"Tag der Scham"

Bundestag erinnert an Holocaust-Opfer

Der Bundestag hat am Holocaust-Gedenktag an die NS-Opfer erinnert. Bundestagspräsidentin Bärbel Bas sprach am Donnerstag von einem "Tag der Scham". Sie betonte: "Wir gedenken der Millionen Menschen, die verfolgt, beraubt, gedemütigt, entrechtet, gequält, dem Tode preisgegeben wurden. Weil sie anders dachten, anders glaubten, anders liebten oder weil ihr Leben den Nationalsozialisten als 'unwert' galt."

Die Gedenkstunde im Bundestag war vom damaligen Bundespräsidenten Roman Herzog 1996 initiiert und wie der Holocaust-Gedenktag auf den Jahrestag der Befreiung des KZ Auschwitz gelegt worden. Im November 2005 verabschiedete die Vollversammlung der Vereinten Nationen eine Resolution, die den 27. Januar zum weltweiten Gedenktag machte.

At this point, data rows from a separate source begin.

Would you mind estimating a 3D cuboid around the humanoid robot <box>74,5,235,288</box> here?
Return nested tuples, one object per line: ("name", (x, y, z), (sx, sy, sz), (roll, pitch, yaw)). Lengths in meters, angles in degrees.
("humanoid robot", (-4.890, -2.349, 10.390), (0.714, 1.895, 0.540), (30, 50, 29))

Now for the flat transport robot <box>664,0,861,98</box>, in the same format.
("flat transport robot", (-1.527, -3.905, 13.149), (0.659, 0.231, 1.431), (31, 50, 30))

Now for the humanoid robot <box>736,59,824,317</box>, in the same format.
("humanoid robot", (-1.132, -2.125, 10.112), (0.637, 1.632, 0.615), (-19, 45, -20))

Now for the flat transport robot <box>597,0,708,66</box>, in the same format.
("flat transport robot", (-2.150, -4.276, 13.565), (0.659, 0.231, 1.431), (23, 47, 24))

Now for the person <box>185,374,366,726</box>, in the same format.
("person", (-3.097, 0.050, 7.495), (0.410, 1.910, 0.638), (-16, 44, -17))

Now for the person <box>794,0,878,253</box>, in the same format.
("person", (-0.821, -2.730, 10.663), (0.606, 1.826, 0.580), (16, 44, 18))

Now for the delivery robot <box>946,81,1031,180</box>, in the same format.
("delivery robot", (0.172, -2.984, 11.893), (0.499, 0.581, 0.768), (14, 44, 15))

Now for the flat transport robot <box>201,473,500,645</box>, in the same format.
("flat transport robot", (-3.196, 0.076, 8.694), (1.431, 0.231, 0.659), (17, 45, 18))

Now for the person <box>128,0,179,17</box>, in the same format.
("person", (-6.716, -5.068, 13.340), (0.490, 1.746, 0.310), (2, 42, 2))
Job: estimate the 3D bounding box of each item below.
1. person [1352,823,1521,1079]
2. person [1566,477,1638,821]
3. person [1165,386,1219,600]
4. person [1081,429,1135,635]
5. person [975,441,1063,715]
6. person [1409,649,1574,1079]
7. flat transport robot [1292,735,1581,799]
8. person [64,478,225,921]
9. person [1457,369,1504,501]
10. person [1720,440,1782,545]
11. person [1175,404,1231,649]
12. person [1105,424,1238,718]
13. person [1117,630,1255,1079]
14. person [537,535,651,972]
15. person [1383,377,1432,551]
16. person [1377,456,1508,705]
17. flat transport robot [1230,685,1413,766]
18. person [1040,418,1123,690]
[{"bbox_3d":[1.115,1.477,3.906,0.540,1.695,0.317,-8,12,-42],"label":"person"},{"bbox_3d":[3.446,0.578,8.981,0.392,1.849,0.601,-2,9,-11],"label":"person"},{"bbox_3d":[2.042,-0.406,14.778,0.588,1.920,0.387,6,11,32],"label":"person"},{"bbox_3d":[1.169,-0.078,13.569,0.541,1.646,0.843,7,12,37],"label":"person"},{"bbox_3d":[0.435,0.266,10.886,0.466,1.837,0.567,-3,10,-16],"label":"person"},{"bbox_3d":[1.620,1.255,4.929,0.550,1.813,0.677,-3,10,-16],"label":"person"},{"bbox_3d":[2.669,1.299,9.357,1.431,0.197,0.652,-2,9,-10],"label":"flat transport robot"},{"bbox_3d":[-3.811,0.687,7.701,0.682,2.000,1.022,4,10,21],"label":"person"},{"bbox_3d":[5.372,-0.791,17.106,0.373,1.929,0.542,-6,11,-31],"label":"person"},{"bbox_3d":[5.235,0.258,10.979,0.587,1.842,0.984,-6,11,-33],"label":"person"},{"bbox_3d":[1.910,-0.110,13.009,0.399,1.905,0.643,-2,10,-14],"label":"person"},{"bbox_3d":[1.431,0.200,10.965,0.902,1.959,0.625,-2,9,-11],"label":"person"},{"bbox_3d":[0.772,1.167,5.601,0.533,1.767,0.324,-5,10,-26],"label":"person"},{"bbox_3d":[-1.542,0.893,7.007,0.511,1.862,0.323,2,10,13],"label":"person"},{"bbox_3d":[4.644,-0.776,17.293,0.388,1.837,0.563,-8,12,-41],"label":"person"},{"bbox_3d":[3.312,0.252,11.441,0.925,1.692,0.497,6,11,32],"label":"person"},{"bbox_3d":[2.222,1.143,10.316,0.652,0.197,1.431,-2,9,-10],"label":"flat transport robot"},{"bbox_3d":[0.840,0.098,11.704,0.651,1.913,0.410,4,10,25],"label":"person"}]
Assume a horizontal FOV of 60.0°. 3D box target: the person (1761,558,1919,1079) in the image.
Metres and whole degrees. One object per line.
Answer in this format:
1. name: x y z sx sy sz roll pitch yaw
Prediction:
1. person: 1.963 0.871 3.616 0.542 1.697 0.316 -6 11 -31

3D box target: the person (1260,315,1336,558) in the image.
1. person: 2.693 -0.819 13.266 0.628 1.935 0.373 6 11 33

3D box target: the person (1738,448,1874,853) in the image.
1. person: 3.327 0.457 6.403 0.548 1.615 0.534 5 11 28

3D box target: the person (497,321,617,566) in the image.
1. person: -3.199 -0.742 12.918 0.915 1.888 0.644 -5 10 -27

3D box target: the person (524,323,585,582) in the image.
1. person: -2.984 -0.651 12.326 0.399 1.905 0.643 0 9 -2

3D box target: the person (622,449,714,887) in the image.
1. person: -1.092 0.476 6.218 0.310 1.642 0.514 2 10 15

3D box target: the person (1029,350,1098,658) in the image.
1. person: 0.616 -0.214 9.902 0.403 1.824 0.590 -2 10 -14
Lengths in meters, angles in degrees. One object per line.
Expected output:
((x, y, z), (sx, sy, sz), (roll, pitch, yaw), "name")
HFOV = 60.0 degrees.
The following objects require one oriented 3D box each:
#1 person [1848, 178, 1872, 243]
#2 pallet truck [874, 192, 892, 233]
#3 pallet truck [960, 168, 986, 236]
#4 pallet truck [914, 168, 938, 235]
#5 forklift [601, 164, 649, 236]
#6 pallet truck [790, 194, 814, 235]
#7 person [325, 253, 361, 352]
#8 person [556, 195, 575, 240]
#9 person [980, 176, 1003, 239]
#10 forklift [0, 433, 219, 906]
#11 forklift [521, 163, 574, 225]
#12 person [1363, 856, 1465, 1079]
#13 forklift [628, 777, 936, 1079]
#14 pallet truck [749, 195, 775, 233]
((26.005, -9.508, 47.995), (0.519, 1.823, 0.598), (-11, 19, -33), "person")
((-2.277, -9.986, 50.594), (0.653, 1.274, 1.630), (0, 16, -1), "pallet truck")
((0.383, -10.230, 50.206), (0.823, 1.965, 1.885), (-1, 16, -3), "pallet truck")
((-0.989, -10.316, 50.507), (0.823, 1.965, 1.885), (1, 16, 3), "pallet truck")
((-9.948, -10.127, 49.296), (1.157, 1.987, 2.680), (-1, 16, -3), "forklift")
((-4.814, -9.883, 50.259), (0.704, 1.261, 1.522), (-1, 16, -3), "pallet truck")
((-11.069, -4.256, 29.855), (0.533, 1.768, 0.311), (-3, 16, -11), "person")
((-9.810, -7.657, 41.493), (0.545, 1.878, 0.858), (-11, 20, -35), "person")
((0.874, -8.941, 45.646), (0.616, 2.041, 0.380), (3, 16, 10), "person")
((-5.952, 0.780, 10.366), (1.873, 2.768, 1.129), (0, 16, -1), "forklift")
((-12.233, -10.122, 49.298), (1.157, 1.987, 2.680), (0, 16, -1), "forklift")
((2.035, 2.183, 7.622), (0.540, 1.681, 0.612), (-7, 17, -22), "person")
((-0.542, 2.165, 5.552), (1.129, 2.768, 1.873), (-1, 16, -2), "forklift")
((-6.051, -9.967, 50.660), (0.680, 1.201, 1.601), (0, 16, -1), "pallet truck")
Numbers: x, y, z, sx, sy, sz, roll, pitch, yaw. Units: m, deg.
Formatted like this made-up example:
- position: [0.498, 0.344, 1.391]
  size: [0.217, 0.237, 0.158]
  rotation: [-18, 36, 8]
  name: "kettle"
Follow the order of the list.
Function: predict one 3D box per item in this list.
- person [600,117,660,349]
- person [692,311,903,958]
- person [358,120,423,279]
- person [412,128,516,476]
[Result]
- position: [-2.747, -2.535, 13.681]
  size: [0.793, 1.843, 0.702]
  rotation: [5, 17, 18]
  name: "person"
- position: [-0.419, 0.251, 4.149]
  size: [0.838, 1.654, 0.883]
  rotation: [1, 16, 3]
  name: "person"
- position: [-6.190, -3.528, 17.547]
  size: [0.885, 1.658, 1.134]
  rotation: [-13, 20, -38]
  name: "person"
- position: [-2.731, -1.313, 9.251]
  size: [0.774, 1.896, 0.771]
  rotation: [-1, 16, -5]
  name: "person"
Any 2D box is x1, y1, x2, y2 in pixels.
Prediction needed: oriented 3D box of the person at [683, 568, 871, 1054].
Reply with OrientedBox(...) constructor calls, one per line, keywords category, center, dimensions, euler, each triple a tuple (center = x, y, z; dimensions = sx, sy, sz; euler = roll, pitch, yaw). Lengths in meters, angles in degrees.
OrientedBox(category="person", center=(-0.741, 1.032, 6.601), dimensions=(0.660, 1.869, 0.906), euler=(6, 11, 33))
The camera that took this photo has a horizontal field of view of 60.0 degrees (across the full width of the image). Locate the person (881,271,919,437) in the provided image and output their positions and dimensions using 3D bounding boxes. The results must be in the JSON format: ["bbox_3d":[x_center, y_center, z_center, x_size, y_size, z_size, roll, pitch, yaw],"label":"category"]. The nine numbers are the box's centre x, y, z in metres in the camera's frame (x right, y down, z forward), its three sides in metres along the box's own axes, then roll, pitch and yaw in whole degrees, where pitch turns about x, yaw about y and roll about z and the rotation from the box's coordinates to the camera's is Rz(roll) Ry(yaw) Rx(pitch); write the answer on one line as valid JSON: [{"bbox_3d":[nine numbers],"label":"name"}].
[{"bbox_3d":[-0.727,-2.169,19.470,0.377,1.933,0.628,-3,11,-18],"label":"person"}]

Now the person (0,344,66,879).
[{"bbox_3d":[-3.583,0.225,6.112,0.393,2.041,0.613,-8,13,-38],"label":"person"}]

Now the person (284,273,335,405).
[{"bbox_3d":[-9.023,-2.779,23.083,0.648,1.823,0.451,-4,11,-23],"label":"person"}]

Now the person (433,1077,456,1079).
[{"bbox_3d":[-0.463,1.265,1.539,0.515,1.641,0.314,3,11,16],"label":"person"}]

Bas betonte, Scham hätten die Täter nie gezeigt. Viel zu wenige hätten sich vor Gericht verantworten müssen. Viel zu viele seien mit Strafen davongekommen, "die einer Verhöhnung der Opfer gleichkamen". Der Völkermord an den Juden Europas sei ein deutsches Verbrechen. Aber er sei zugleich eine Vergangenheit, die alle angehe.

Antisemitismus sei nicht hinnehmbar: "Punkt. Egal, wo er herkommt." Antijüdische Stereotype und Vorurteile dürften sich nicht wieder breit machen. Dagegen schützten nicht allein Erinnern und Gedenken. Sie machten nicht immun gegen Antisemitismus sowie Rassismus und Rechtsextremismus.

Die Holocaust-Überlebende Inge Auerbacher erinnerte in der Gedenkstunde an ihr Schicksal. Auerbacher wurde 1934 in Kippenheim in Südbaden geboren. Im Alter von sieben Jahren wurde sie 1942 ins Konzentrationslager Theresienstadt deportiert. Dort starben viele ihrer nächsten Verwandten. Sie überlebte und wurde gemeinsam mit ihren Eltern und anderen Gefangenen am 8. Mai 1945 von sowjetischen Truppen befreit. Nach dem Zweiten Weltkrieg emigrierte sie 1946 mit ihren Eltern in die USA.

Sie habe die "grauenhafte Zeit des Schreckens und Judenhasses noch in Erinnerung". Leider sei dieser Krebs wieder erwacht, sagte Auerbacher. In vielen Ländern - auch in Deutschland - sei der Judenhass wieder alltäglich geworden. Die Krankheit müsse so schnell wie möglich geheilt werden.

Der israelische Parlamentspräsident Mickey Levy mahnte als Lehre aus der Geschichte, die Demokratie zu verteidigen und die Erinnerung an den Holocaust wach zu halten. Dies sei eine schwierige Aufgabe für die kommenden Generationen, sagte er im Bundestag. Dabei forderte er, das Gedenken nicht auf Zahlen zu reduzieren, sondern hinter ihnen jeweils eine Lebensgeschichte zu sehen. Die Erinnerungsarbeit verbinde das israelische und das deutsche Volk. Er dankte der früheren Bundeskanzlerin Angela Merkel (CDU) für ihre Verdienste um die Beziehungen zu Israel. Abschließend gedachte er mit Tränen in den Augen in einem Gebet der Opfer des Holocaust.

Traditionell nahmen auch die Spitzen der anderen Verfassungsorgane an der Gedenkstunde teil. Neben Bundespräsident Frank-Walter Steinmeier und Bundeskanzler Olaf Scholz (SPD) waren das Bundesratspräsident Bodo Ramelow und der Präsident des Bundesverfassungsgerichts, Stephan Harbarth.